- Born: 15 May 1897 Kraków
- Died: 4 January 1959 (aged 61) Paris
- Occupation: Lawyer

= Antoni Nowak-Przygodzki =

Polish anti-communist exile and lawyer

Antoni Michał Nowak-Przygodzki (15 May 1897, Jarosław – 4 January 1959, Paris) was a lawyer, a political activist, and a leading figure of the Polish anticommunist exile in France.

== Life ==
Born in 1897 in Jarosław, Galicia, Austria-Hungary, of he took part in World War I and later in the Polish–Ukrainian War. He also fought in the Soviet-Polish War as a lieutenant alongside General Józef Piłsudski. In recognition for his efforts, he was awarded the Cross of Valour in 1921. After completing a Ph.D. in 1919, he became a Professor of Law, he started conducting research, and he opened his own firm. In 1919, he married Zofia Gumowska, with whom he would have four children.

During World War II, he was not mobilized, but he became responsible for the handling of refugees coming to Lviv. After the arrival of the Red Army, he joined the underground resistance in September 1939 due to his prewar activities and left for Warsaw in the fall of 1940. He participated in Warsaw uprising and, after the defeat, he was sent to the Bergen-Belsen concentration camp.
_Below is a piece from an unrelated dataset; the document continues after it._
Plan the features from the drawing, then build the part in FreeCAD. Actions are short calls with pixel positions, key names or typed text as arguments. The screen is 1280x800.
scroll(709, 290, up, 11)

After his liberation by the British, he was charged with cultural and education tasks in the British zone of occupation in Germany until his demobilisation in 1947.
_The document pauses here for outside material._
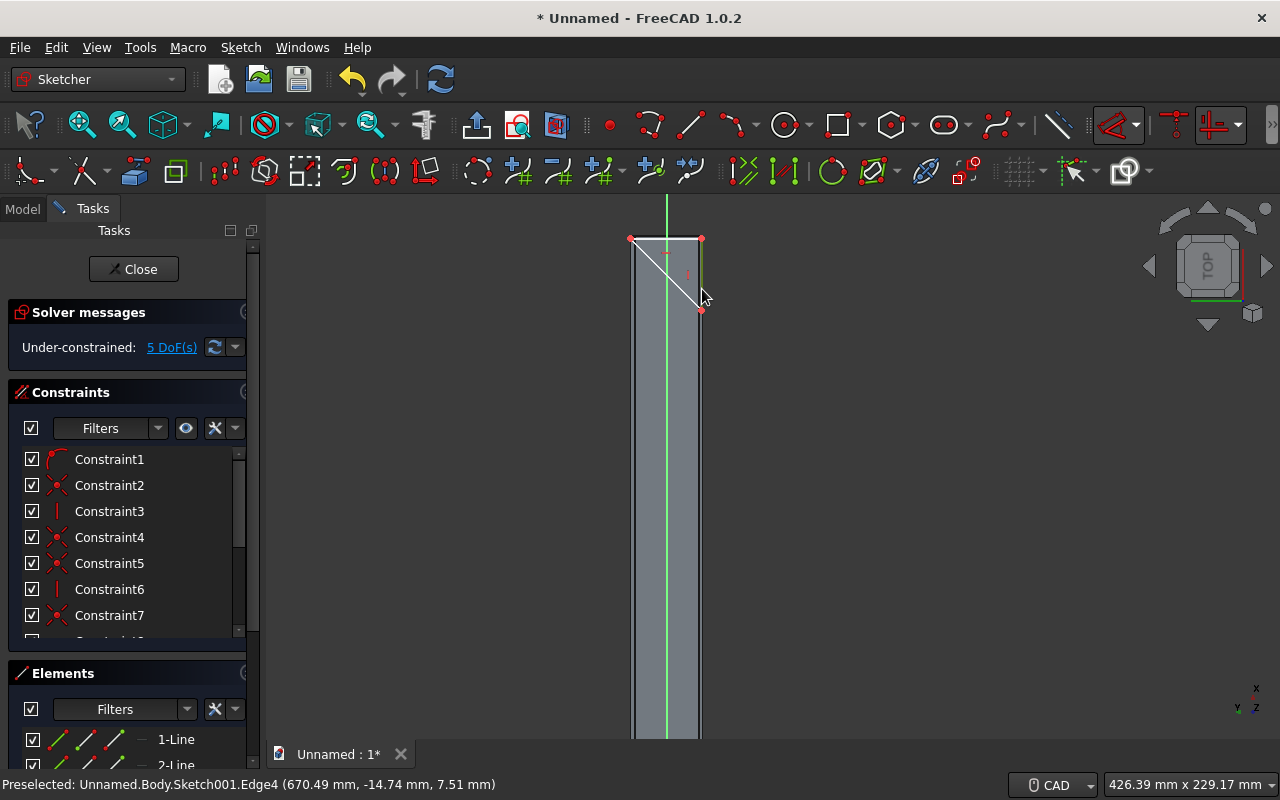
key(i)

After the war, he settled in France. Close to the circle of Polish intellectuals connected to the exile magazine Kultura and the Institut littéraire in Maisons-Laffitte, he was a contributor for the journal Zeszytów Historycznych. He was also member and later Vicepresident of the Union of Polish War Refugees. In 1949, August Zaleski, President of the Polish Republic in Exile, named him member of the National Council of Poland established in London. From 1950 onwards, he was also active as an academic and teacher in different institutions such as Polish Historical and Literary Society in Paris and the Free Europe University in Exile in Strasbourg, until his death in 1959.
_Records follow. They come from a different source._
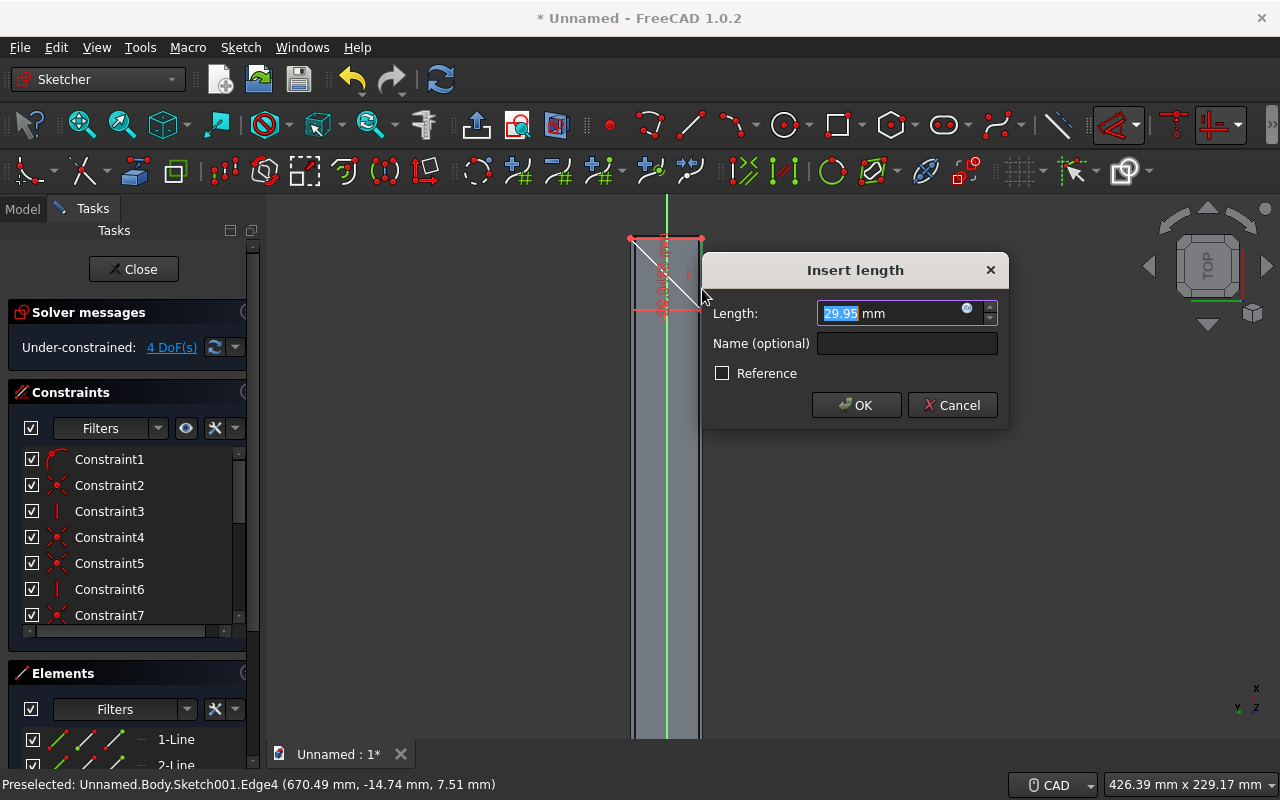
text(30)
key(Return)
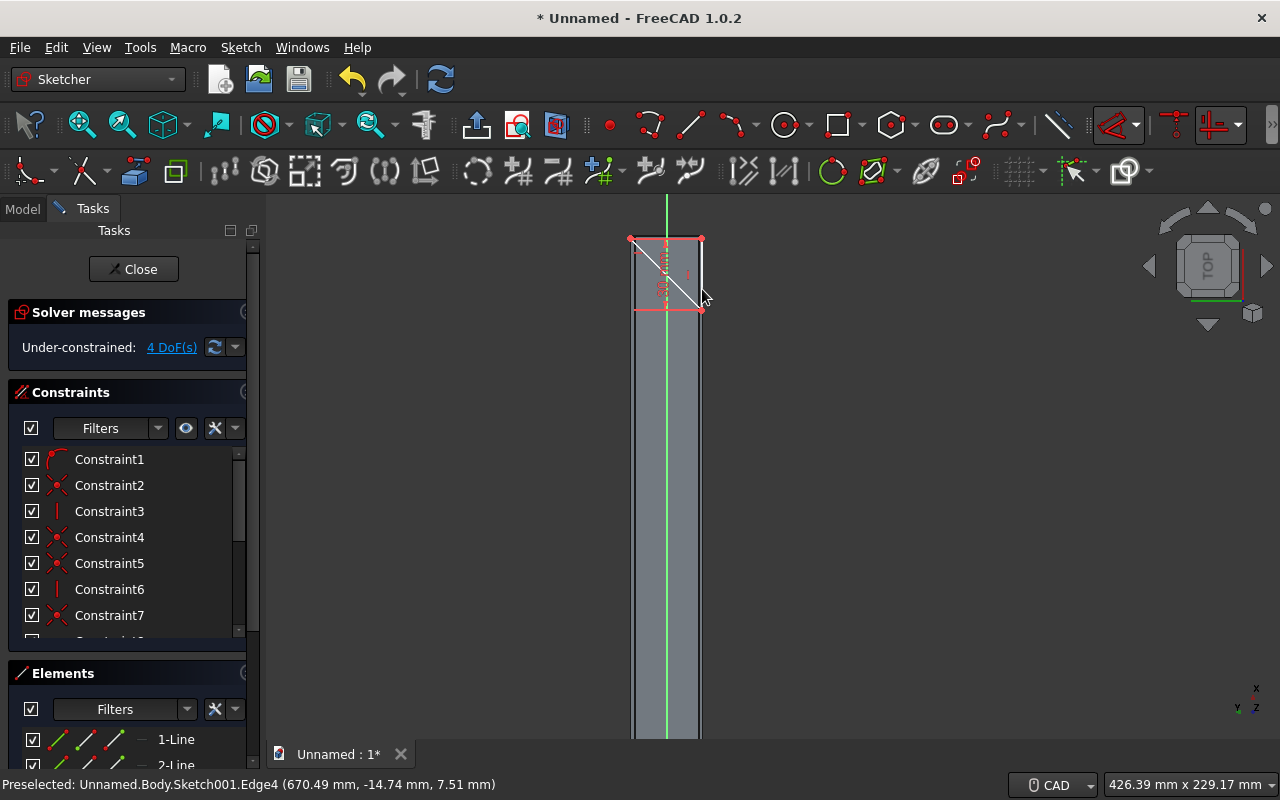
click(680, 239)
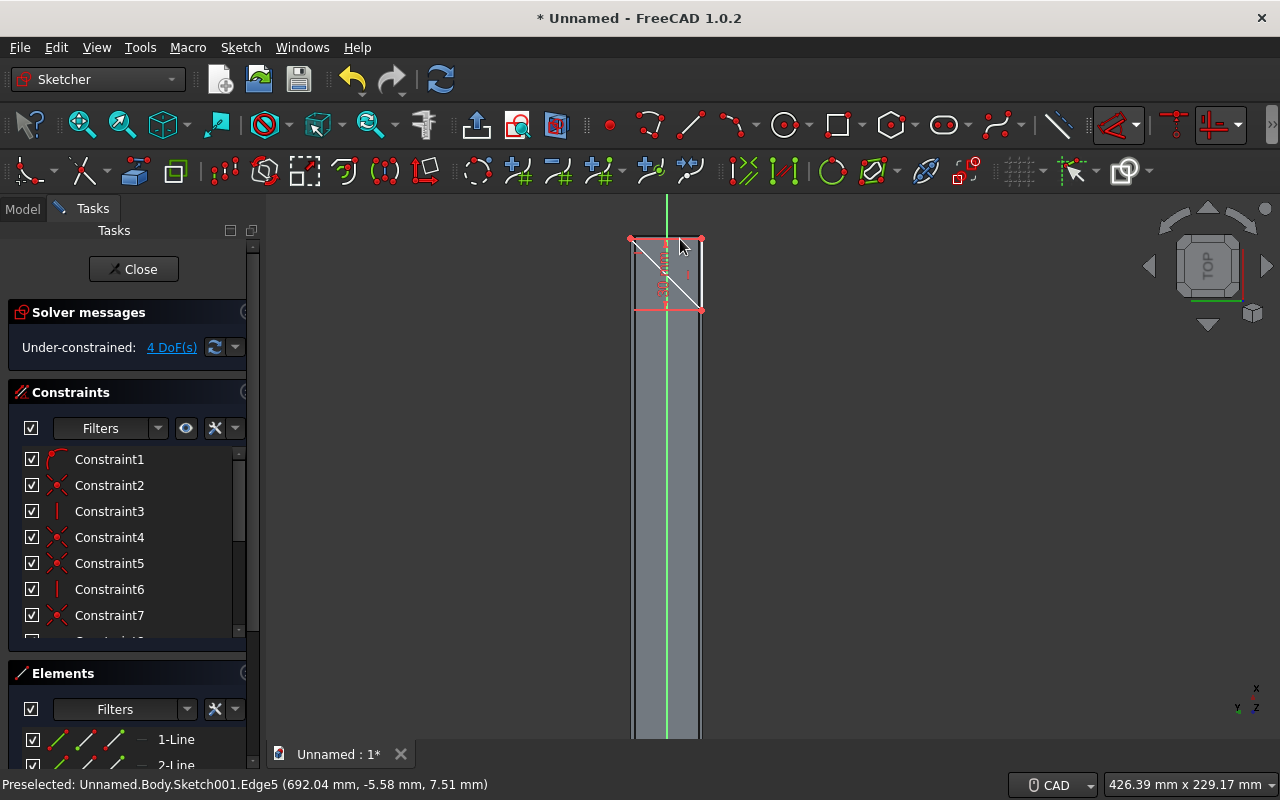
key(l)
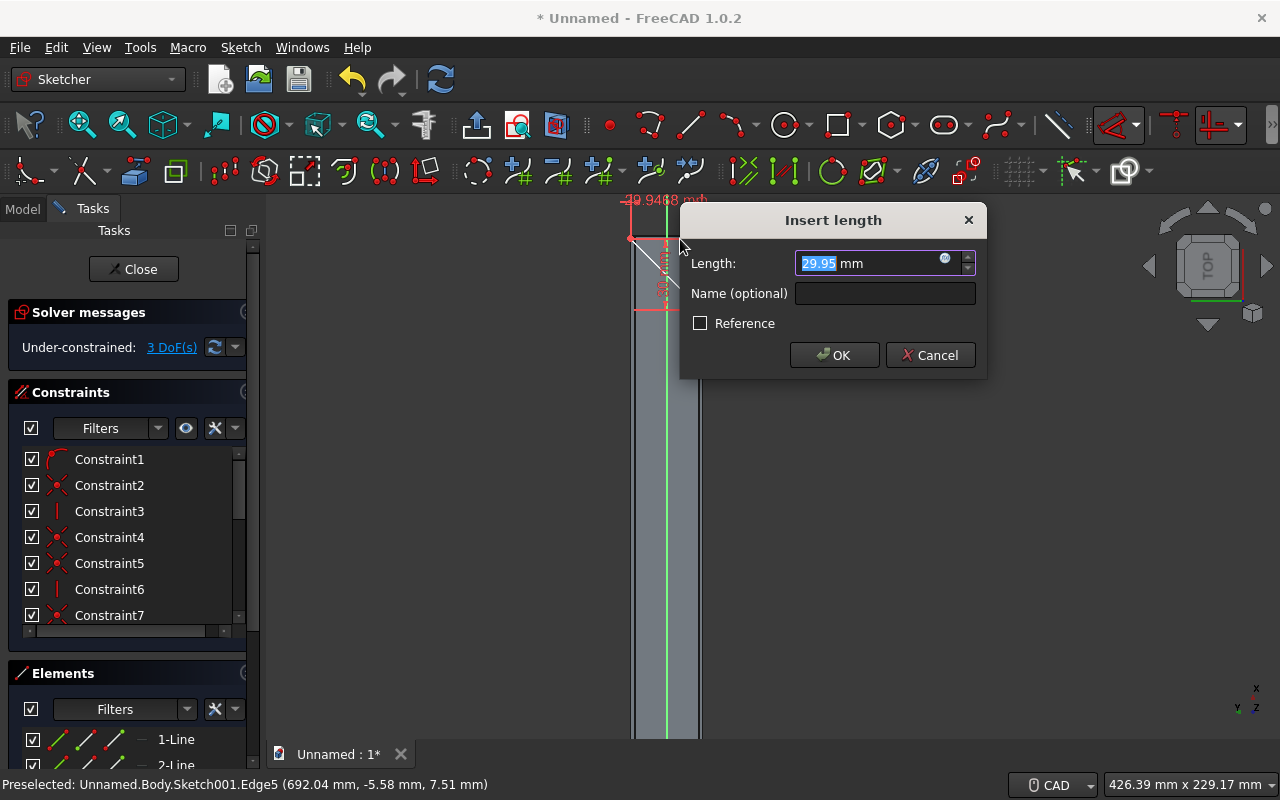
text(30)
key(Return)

He was the father of Jadwiga Czachowska.

== Bibliography ==

- Veronika Durin-Hornyik (2019), "Le Collège de l’Europe libre et la préparation de la construction démocratique de l’Europe de l’Est (1948-1958)", Relations internationales, 2019/4, Nr 180, pp. 13–25.
- Veronika Durin-Hornyik (2018), Le Collège de l’Europe libre : une opération de guerre psychologique américaine menée en France à l’égard de la jeunesse des pays communistes de l’Europe de l’Est (1948-1958), doctoral dissertation, Université Paris-Est Créteil.
- Maria Nowak (2019), Pour notre liberté et la vôtre. Comment la Pologne a été abandonnée par ses alliés, Librinova.

== Archives ==
Antoni Nowak-Przygodzki's personal archives are currently held at the Polish Library in Paris. His collection mostly includes documents concerning his activities in the period following the Second World War.